Carry none of the pictures over; write out the complete data exactly.
━━━ Data for review ━━━
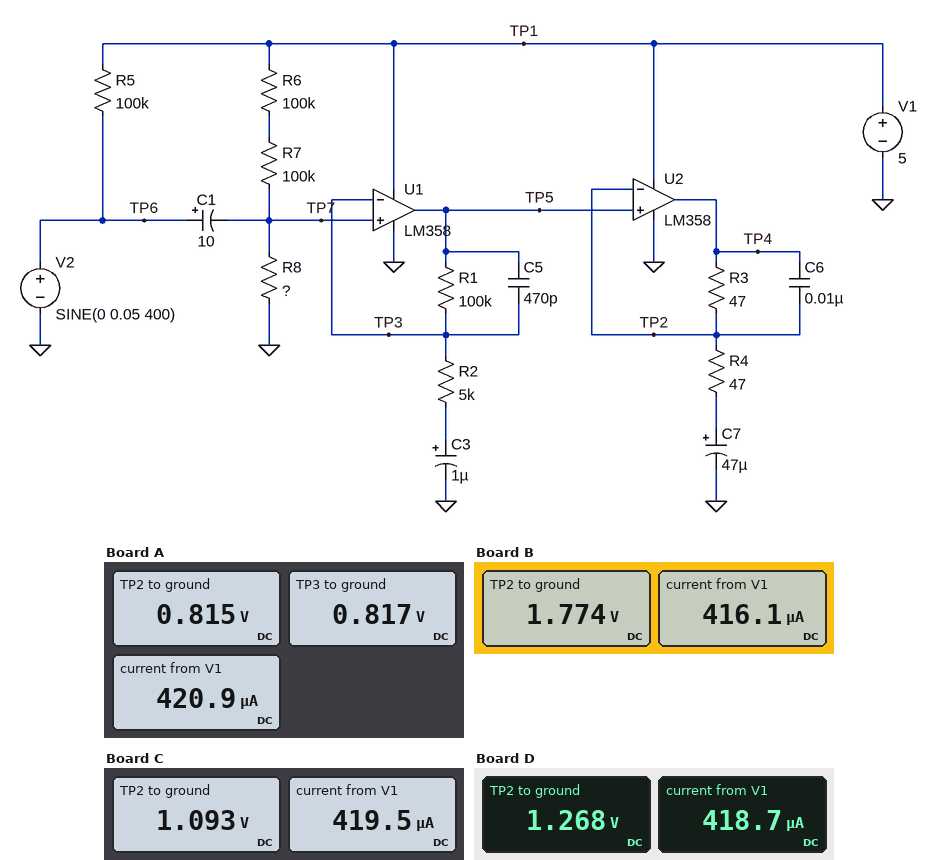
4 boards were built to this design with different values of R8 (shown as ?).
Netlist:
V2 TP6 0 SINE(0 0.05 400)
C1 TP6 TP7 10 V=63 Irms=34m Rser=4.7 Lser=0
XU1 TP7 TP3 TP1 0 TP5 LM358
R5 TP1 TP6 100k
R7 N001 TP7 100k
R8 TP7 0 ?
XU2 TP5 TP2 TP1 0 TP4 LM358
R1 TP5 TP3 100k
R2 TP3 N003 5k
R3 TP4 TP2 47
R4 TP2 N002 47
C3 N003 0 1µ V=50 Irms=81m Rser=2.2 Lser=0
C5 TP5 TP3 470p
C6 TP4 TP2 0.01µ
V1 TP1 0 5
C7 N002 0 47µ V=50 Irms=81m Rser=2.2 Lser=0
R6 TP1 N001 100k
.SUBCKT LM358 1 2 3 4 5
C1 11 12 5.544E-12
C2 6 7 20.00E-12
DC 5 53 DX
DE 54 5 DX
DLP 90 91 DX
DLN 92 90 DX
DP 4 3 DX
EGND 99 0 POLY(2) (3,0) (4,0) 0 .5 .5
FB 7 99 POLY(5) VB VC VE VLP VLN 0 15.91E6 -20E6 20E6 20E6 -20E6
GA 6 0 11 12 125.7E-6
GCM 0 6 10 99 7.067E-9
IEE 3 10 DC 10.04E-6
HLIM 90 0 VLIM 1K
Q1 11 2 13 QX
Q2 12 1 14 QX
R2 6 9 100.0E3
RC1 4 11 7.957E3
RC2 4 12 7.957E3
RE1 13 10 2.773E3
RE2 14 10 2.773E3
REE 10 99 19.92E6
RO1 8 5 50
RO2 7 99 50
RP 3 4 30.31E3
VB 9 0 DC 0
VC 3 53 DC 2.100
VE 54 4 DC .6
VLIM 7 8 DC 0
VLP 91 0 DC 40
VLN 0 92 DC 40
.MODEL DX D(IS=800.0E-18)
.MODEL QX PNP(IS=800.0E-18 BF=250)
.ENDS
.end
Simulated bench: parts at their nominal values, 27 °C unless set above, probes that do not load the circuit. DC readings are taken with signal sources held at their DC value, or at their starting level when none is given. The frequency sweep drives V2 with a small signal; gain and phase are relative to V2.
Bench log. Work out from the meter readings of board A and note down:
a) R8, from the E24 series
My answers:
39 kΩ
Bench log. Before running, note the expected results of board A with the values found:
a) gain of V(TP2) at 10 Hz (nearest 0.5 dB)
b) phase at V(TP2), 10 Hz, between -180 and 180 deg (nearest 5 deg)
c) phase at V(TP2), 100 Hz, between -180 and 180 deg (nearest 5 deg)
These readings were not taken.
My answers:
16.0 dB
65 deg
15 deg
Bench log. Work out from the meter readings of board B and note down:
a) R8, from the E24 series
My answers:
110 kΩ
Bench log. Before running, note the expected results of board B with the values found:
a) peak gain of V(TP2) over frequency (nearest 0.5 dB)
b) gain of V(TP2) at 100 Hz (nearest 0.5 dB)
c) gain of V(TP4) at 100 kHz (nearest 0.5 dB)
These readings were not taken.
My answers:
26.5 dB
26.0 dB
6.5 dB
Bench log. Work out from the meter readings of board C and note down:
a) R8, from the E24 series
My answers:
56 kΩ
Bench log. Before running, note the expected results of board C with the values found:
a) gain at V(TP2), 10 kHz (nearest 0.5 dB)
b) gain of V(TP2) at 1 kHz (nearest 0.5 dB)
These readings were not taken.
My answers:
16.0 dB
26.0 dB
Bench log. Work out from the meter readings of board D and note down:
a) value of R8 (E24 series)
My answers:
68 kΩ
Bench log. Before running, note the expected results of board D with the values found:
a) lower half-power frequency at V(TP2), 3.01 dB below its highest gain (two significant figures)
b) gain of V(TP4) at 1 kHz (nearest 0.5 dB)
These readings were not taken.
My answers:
━━━
| Reply to the exercise |
4 boards were built to this design with different values of R8 (shown as ?).
Netlist:
V2 TP6 0 SINE(0 0.05 400)
C1 TP6 TP7 10 V=63 Irms=34m Rser=4.7 Lser=0
XU1 TP7 TP3 TP1 0 TP5 LM358
R5 TP1 TP6 100k
R7 N001 TP7 100k
R8 TP7 0 ?
XU2 TP5 TP2 TP1 0 TP4 LM358
R1 TP5 TP3 100k
R2 TP3 N003 5k
R3 TP4 TP2 47
R4 TP2 N002 47
C3 N003 0 1µ V=50 Irms=81m Rser=2.2 Lser=0
C5 TP5 TP3 470p
C6 TP4 TP2 0.01µ
V1 TP1 0 5
C7 N002 0 47µ V=50 Irms=81m Rser=2.2 Lser=0
R6 TP1 N001 100k
.SUBCKT LM358 1 2 3 4 5
C1 11 12 5.544E-12
C2 6 7 20.00E-12
DC 5 53 DX
DE 54 5 DX
DLP 90 91 DX
DLN 92 90 DX
DP 4 3 DX
EGND 99 0 POLY(2) (3,0) (4,0) 0 .5 .5
FB 7 99 POLY(5) VB VC VE VLP VLN 0 15.91E6 -20E6 20E6 20E6 -20E6
GA 6 0 11 12 125.7E-6
GCM 0 6 10 99 7.067E-9
IEE 3 10 DC 10.04E-6
HLIM 90 0 VLIM 1K
Q1 11 2 13 QX
Q2 12 1 14 QX
R2 6 9 100.0E3
RC1 4 11 7.957E3
RC2 4 12 7.957E3
RE1 13 10 2.773E3
RE2 14 10 2.773E3
REE 10 99 19.92E6
RO1 8 5 50
RO2 7 99 50
RP 3 4 30.31E3
VB 9 0 DC 0
VC 3 53 DC 2.100
VE 54 4 DC .6
VLIM 7 8 DC 0
VLP 91 0 DC 40
VLN 0 92 DC 40
.MODEL DX D(IS=800.0E-18)
.MODEL QX PNP(IS=800.0E-18 BF=250)
.ENDS
.end
Simulated bench: parts at their nominal values, 27 °C unless set above, probes that do not load the circuit. DC readings are taken with signal sources held at their DC value, or at their starting level when none is given. The frequency sweep drives V2 with a small signal; gain and phase are relative to V2.
Bench log. Work out from the meter readings of board A and note down:
a) R8, from the E24 series
My answers:
39 kΩ
Bench log. Before running, note the expected results of board A with the values found:
a) gain of V(TP2) at 10 Hz (nearest 0.5 dB)
b) phase at V(TP2), 10 Hz, between -180 and 180 deg (nearest 5 deg)
c) phase at V(TP2), 100 Hz, between -180 and 180 deg (nearest 5 deg)
These readings were not taken.
My answers:
16.0 dB
65 deg
15 deg
Bench log. Work out from the meter readings of board B and note down:
a) R8, from the E24 series
My answers:
110 kΩ
Bench log. Before running, note the expected results of board B with the values found:
a) peak gain of V(TP2) over frequency (nearest 0.5 dB)
b) gain of V(TP2) at 100 Hz (nearest 0.5 dB)
c) gain of V(TP4) at 100 kHz (nearest 0.5 dB)
These readings were not taken.
My answers:
26.5 dB
26.0 dB
6.5 dB
Bench log. Work out from the meter readings of board C and note down:
a) R8, from the E24 series
My answers:
56 kΩ
Bench log. Before running, note the expected results of board C with the values found:
a) gain at V(TP2), 10 kHz (nearest 0.5 dB)
b) gain of V(TP2) at 1 kHz (nearest 0.5 dB)
These readings were not taken.
My answers:
16.0 dB
26.0 dB
Bench log. Work out from the meter readings of board D and note down:
a) value of R8 (E24 series)
My answers:
68 kΩ
Bench log. Before running, note the expected results of board D with the values found:
a) lower half-power frequency at V(TP2), 3.01 dB below its highest gain (two significant figures)
b) gain of V(TP4) at 1 kHz (nearest 0.5 dB)
These readings were not taken.
My answers:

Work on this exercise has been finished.